We have had a rash of drivers from both ATI and NV that were less than perfect yet were WHQL and the most common fix that has worked is to revert to older drivers (after running CCLEANTER to remove the vestiges of the newer driver. YMMV.

The FAH lab doesn't test all possible drivers on all possible GPUs on all possible versions of Windows (or WINE). The beta testing process exposes each project to a wider variety of combinations but there still will still be untested combinations, especially with new drivers. Advanced/advmethods testing exposes the projects to an even wider range of combinations, but there still may be inadequate testing on systems which EXACTLY match yours. That's a very good reason to avoiding updating to the latest drivers unless you really need to and a very good reason to avoid setting client-type to anything other than the default value.

Re: returning to folding, problems with 680?

Posted: Thu Jan 03, 2013 12:55 am
by Dark_n_Beyond
Thanks for your quick reply, Bruce. That's good to know about the naming convention, so I can rule that out. As it is now, I've done a clean windows install, clean driver install with the drivers that were working for me up until a few weeks ago, no overclock, and I'm just plain out of ideas. I really think I'm just going to have to shut it down until I can find someone on any forum with a similar problem and a solution. Thing is, I feel really bad about what's happened with returning bad units. I'm willing to keep trying, but I don't know of any other way of testing different things without hurting the project.

Re: returning to folding, problems with 680?

Posted: Thu Jan 03, 2013 2:03 am
by mmonnin
FAH seems to push hardware more than benchmarks so what may seem stable in a benchmark mail fail a Work Unit. The unstable machine error is an indicator of an overclock gone too far or some other hardware problem.

Re: returning to folding, problems with 680?

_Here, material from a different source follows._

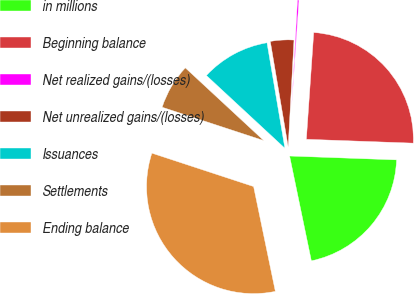<chart> <loc_0><loc_0><loc_500><loc_500><pie_chart><fcel>in millions<fcel>Beginning balance<fcel>Net realized gains/(losses)<fcel>Net unrealized gains/(losses)<fcel>Issuances<fcel>Settlements<fcel>Ending balance<nl><fcel>21.17%<fcel>24.48%<fcel>0.23%<fcel>3.54%<fcel>10.43%<fcel>6.85%<fcel>33.31%<nl></chart> 
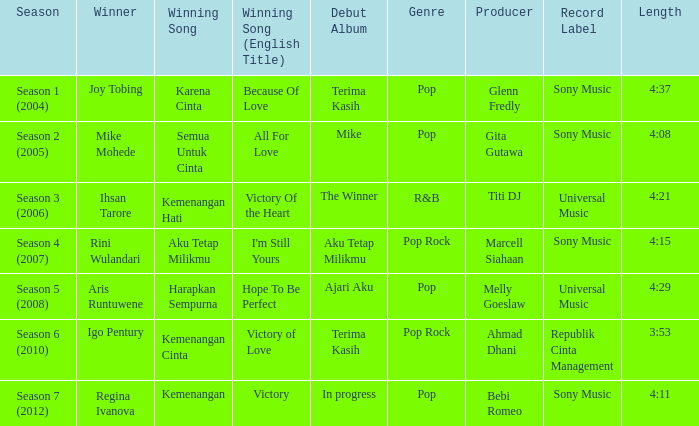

Posted: Thu Jan 03, 2013 11:17 pm
by codysluder
mmonnin wrote:FAH seems to push hardware more than benchmarks so what may seem stable in a benchmark mail fail a Work Unit. The unstable machine error is an indicator of an overclock gone too far or some other hardware problem.
Absolutely. Do not assume that you can run F@H with an overclock that has been established based on some other program calling it stable. In fact, if F@H is just barely stable with one project that doesn't gurarantee it will be stable with another project.

Re: returning to folding, problems with 680?

Posted: Fri Jan 04, 2013 6:11 am
by ford316
codysluder wrote:
mmonnin wrote:FAH seems to push hardware more than benchmarks so what may seem stable in a benchmark mail fail a Work Unit. The unstable machine error is an indicator of an overclock gone too far or some other hardware problem.
Absolutely. Do not assume that you can run F@H with an overclock that has been established based on some other program calling it stable. In fact, if F@H is just barely stable with one project that doesn't guarantee it will be stable with another project.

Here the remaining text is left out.